> WORK TO BE COMPLETED
Go line by line through the records below. Copy whichever lines contain the string "traffic".

> SUPPLIED DATA
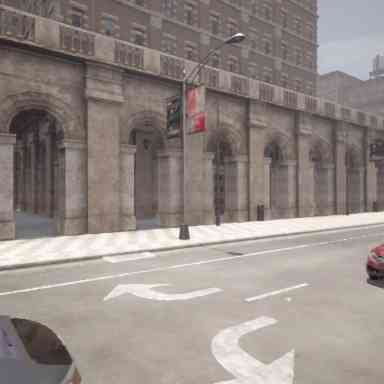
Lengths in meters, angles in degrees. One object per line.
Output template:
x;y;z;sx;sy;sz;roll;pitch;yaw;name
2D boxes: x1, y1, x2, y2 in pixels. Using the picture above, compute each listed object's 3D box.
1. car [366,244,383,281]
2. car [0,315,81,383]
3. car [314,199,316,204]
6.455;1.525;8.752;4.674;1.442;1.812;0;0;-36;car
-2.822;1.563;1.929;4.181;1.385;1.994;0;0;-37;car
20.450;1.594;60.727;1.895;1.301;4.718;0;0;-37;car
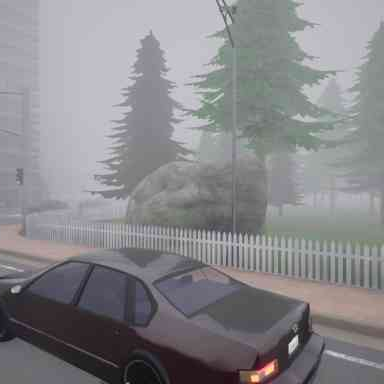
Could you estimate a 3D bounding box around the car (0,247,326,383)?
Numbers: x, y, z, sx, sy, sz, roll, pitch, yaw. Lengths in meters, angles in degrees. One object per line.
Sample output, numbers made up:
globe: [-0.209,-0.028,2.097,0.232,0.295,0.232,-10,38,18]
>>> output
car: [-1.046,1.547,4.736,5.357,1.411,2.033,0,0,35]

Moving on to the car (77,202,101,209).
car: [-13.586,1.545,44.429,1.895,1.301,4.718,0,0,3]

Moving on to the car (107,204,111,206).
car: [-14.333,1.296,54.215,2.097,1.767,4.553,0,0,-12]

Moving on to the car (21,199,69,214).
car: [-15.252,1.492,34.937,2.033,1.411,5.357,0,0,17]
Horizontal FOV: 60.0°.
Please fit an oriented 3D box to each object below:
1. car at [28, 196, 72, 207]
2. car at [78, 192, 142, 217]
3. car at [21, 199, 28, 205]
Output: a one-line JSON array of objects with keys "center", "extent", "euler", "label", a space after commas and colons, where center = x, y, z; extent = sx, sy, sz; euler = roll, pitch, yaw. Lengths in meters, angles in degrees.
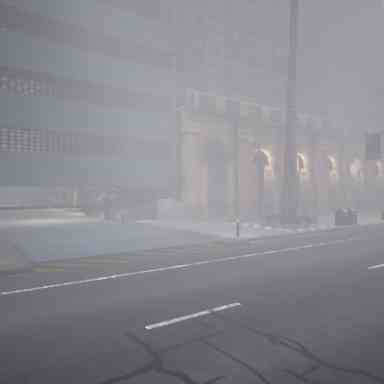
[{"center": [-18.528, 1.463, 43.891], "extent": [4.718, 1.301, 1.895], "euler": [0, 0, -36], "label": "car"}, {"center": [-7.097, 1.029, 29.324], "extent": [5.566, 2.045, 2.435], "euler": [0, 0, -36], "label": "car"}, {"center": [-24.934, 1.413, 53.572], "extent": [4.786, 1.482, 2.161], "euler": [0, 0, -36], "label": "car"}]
...
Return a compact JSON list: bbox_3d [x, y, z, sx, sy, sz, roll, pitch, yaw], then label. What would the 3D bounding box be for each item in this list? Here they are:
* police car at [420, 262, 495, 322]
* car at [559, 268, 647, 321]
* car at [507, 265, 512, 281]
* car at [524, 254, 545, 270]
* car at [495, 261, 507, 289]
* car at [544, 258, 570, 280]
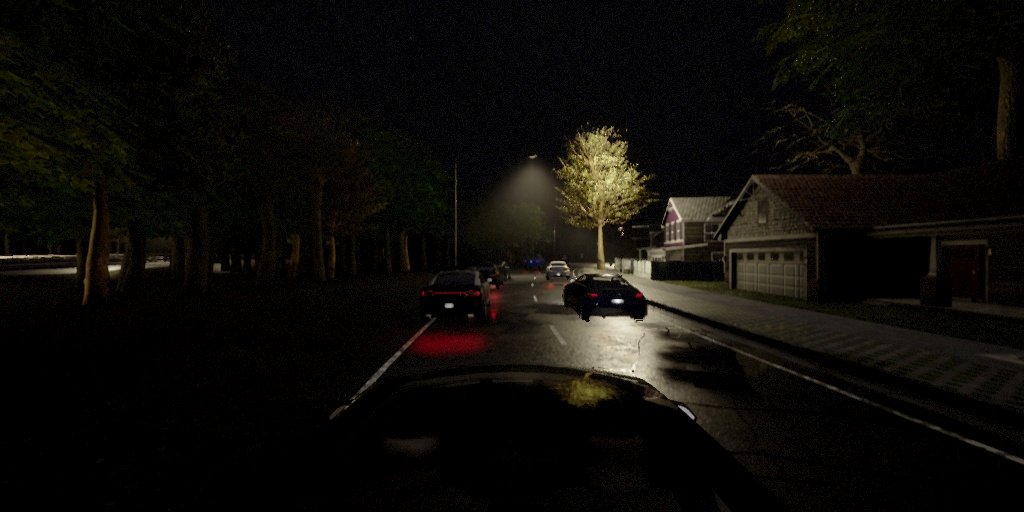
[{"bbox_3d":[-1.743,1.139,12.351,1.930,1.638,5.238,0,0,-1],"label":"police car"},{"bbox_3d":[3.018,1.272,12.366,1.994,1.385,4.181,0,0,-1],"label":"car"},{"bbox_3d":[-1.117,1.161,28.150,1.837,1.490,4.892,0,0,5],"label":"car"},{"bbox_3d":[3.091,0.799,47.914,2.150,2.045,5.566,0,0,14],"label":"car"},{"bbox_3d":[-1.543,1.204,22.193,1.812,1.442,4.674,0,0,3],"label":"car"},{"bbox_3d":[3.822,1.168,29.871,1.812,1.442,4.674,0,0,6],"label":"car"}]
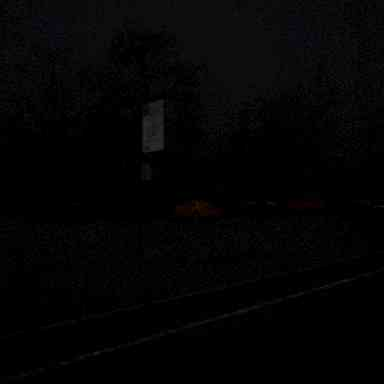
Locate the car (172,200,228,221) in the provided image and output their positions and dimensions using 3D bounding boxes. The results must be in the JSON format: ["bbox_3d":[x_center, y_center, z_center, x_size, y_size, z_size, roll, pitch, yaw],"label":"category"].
* * *
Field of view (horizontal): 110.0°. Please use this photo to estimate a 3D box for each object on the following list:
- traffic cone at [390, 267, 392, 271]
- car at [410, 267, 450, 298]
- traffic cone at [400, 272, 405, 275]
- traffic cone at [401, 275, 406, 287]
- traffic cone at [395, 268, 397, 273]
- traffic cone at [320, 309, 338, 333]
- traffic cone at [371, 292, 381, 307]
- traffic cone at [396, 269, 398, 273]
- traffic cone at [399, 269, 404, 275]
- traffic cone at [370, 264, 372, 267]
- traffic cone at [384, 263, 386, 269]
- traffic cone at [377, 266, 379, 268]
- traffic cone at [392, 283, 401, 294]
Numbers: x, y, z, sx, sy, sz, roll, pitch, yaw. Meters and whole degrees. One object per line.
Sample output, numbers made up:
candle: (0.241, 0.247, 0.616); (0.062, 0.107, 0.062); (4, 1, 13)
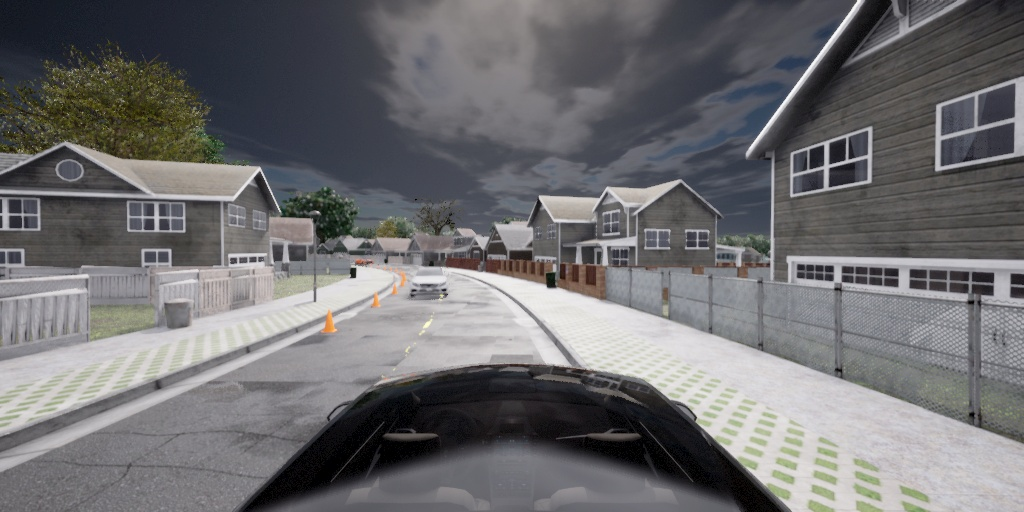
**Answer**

> RESPONSE FOR THIS EXERCISE
- traffic cone at [390, 267, 392, 271]
- traffic cone at [400, 272, 405, 275]
- traffic cone at [401, 275, 406, 287]
- traffic cone at [395, 268, 397, 273]
- traffic cone at [320, 309, 338, 333]
- traffic cone at [371, 292, 381, 307]
- traffic cone at [396, 269, 398, 273]
- traffic cone at [399, 269, 404, 275]
- traffic cone at [370, 264, 372, 267]
- traffic cone at [384, 263, 386, 269]
- traffic cone at [377, 266, 379, 268]
- traffic cone at [392, 283, 401, 294]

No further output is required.